O copo de xerez

Oxford, 2002

O alojamento do reitor ocupava um lado inteiro de um edifício do século XV. Azur dirigiu-se para a porta preta e polida e tocou à campainha. Uns segundos depois, um empregado mais velho apareceu e mandou-o entrar para o átrio amplo.

— Faça o favor, senhor professor, siga-me — disse o homem, conduzindo Azur ao longo de umas escadas de carvalho isabelinas, através de um comprido corredor apainelado até ao gabinete do reitor.

Lá dentro, o reitor estava ocupado a organizar a sua papelada — a prioritária no tabuleiro marfim; a importante, mas menos urgente, no tabuleiro castanho, e tudo o resto no amarelo — como fazia sempre que tinha uma reunião que preferia não ter. Ia ser uma conversa difícil e precisava de ordenar as ideias. Entretanto, concentrou-se em arrumar a secretária. Os post-its, o agrafador, o abre-cartas de madrepérola com o cabo de prata… Guardou os lápis — todos afiados na perfeição — numa caixa cilíndrica de couro, uma prenda da sua filha.

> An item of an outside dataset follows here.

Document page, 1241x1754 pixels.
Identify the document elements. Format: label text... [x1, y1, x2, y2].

Uma pancada seca na porta arrancou-o aos seus pensamentos.

— Entre.

Azur entrou, envergando um casaco de veludo, de um roxo profundo e intenso, perfeito. Por baixo, levava uma camisola de gola alta de um tom mais claro. O cabelo estava, como sempre, estudadamente desgrenhado.

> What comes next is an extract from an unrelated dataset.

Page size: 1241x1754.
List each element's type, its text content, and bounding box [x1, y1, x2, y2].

— Bom dia, Leo. Há quanto tempo.

— Azur, que bom ver-te — respondeu o reitor, numa voz educada e afetuosa, mas tensa. — Há quanto tempo, sim. Estava a pensar em tomar um chá. Fazes-me companhia ou… que horas são?… preferes um copo de xerez?

Azur nunca adotara o hábito dos professores de tomar xerez ao fim da manhã, mas nesse dia pensou que ele, ou o reitor, talvez precisasse de uma bebida mais forte.

— Sim, pode ser.

Daí a uns segundos, apareceu um empregado ainda mais velho, com um semblante reservado como que esculpido em pedra e as costas curvadas pelos anos de serviço. Tal como os retratos nas paredes e as cadeiras de carvalho góticas junto da janela, era difícil imaginar uma época em que ele não tivesse feito parte da universidade.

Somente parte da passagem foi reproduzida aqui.